[Start of Attachment]
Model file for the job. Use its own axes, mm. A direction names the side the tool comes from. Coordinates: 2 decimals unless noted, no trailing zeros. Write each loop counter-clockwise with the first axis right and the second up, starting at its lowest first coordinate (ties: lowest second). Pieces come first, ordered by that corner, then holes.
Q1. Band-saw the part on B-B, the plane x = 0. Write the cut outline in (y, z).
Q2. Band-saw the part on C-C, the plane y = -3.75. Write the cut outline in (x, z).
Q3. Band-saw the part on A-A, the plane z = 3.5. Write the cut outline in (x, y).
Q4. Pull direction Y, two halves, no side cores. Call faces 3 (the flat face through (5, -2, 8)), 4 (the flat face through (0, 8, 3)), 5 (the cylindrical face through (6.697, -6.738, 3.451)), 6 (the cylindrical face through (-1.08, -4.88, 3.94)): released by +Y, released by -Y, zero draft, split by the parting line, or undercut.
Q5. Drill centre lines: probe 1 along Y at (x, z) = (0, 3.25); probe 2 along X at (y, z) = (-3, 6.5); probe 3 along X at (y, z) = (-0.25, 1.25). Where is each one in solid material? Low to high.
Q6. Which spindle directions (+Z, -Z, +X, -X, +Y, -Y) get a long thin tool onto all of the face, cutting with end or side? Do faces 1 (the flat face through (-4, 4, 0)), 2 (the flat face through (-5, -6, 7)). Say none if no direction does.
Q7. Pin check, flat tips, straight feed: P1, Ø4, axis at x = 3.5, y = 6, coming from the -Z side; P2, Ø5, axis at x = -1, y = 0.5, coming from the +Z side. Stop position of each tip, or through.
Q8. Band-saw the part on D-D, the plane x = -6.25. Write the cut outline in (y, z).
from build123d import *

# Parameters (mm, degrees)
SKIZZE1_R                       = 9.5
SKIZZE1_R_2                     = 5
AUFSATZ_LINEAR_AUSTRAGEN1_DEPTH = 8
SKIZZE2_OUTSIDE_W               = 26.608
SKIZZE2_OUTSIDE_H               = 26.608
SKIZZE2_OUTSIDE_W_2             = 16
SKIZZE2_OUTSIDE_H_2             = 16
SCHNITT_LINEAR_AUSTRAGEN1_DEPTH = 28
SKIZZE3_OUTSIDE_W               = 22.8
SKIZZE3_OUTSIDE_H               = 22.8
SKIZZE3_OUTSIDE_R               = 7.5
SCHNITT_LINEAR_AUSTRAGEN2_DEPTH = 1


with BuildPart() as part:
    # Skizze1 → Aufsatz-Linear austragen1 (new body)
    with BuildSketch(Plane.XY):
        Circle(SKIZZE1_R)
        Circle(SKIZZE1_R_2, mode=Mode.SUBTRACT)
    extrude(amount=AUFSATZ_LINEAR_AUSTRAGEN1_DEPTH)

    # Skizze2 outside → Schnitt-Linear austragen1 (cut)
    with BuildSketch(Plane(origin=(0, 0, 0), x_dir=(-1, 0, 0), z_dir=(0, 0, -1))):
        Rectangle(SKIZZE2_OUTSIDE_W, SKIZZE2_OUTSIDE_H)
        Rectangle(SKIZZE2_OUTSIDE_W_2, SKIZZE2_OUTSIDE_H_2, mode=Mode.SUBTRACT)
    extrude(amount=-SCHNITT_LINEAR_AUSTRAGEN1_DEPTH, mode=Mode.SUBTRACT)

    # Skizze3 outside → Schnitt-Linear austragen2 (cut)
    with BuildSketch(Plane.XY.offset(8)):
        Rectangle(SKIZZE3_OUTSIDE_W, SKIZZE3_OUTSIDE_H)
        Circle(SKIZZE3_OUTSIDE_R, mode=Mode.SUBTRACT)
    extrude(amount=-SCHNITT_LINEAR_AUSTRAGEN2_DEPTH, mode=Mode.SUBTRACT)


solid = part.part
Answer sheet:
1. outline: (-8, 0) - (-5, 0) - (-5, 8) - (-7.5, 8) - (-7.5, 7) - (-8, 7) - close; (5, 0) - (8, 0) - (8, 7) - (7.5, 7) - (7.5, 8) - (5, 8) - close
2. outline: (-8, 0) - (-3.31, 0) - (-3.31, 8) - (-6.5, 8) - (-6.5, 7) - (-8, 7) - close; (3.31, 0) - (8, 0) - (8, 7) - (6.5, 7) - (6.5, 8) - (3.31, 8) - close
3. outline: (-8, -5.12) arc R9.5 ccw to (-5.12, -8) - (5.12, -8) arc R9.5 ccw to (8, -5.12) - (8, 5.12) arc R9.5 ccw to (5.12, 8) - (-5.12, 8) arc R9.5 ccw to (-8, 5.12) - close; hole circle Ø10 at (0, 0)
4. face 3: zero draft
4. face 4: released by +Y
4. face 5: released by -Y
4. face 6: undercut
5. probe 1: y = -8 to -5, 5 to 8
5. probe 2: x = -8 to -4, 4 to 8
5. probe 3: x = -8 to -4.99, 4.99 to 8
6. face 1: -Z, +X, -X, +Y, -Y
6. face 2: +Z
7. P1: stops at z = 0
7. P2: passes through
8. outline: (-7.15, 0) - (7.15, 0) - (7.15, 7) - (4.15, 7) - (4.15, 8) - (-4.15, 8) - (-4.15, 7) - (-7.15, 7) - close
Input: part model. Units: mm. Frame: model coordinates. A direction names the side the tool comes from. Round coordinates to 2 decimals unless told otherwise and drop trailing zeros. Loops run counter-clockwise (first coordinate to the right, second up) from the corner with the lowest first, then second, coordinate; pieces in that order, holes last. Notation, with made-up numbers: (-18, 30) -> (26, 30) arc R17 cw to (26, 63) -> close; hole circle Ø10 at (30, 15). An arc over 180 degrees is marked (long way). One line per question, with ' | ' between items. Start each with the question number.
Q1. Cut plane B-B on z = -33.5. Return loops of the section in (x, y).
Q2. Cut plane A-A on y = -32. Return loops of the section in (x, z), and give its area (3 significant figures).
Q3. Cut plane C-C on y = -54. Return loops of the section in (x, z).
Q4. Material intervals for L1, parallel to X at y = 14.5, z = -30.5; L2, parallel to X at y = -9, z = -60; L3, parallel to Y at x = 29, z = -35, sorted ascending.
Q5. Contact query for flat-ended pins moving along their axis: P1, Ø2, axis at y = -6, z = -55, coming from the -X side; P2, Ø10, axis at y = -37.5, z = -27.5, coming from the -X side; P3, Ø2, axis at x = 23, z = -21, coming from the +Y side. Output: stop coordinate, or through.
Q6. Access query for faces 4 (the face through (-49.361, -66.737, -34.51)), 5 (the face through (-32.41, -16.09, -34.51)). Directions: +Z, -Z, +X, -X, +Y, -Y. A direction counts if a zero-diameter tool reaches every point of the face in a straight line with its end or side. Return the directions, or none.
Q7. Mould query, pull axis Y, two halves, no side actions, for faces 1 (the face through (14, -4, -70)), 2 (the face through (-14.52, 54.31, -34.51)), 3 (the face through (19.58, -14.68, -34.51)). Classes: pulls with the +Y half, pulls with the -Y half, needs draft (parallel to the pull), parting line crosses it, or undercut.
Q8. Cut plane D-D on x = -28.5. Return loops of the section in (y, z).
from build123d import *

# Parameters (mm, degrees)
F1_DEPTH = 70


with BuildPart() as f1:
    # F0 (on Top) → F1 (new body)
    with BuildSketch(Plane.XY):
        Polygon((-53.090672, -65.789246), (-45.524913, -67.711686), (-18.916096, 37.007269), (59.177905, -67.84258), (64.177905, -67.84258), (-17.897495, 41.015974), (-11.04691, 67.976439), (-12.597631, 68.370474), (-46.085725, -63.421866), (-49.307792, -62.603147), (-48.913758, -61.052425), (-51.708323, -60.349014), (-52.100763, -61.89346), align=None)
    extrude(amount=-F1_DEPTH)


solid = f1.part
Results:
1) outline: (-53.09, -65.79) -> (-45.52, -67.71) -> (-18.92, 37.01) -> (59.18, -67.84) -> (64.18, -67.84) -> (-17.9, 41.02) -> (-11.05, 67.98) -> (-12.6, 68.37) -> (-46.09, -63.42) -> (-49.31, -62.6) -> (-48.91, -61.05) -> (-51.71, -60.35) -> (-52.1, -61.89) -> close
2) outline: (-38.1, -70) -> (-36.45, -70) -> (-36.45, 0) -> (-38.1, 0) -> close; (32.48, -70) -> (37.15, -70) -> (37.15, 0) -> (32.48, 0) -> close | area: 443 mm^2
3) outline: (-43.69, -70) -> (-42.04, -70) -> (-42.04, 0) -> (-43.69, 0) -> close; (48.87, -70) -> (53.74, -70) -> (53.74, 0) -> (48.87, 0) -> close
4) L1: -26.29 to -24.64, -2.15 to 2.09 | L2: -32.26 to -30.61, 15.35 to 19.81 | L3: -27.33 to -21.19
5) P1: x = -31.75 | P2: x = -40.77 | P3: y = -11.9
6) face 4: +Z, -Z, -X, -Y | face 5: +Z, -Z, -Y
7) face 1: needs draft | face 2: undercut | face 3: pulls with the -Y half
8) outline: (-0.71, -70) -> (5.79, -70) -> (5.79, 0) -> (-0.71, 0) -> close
[End of Attachment]
_Work to complete_
From the records above, retype only the lines starting at the line that contains "Circle(SKIZZE3_OUTSIDE_R, mode=Mode.SUBTRACT)" and ending at the line that contains "5. probe 1: y = -8 to -5, 5 to 8", both included.

_Solution_
        Circle(SKIZZE3_OUTSIDE_R, mode=Mode.SUBTRACT)
    extrude(amount=-SCHNITT_LINEAR_AUSTRAGEN2_DEPTH, mode=Mode.SUBTRACT)


solid = part.part
Answer sheet:
1. outline: (-8, 0) - (-5, 0) - (-5, 8) - (-7.5, 8) - (-7.5, 7) - (-8, 7) - close; (5, 0) - (8, 0) - (8, 7) - (7.5, 7) - (7.5, 8) - (5, 8) - close
2. outline: (-8, 0) - (-3.31, 0) - (-3.31, 8) - (-6.5, 8) - (-6.5, 7) - (-8, 7) - close; (3.31, 0) - (8, 0) - (8, 7) - (6.5, 7) - (6.5, 8) - (3.31, 8) - close
3. outline: (-8, -5.12) arc R9.5 ccw to (-5.12, -8) - (5.12, -8) arc R9.5 ccw to (8, -5.12) - (8, 5.12) arc R9.5 ccw to (5.12, 8) - (-5.12, 8) arc R9.5 ccw to (-8, 5.12) - close; hole circle Ø10 at (0, 0)
4. face 3: zero draft
4. face 4: released by +Y
4. face 5: released by -Y
4. face 6: undercut
5. probe 1: y = -8 to -5, 5 to 8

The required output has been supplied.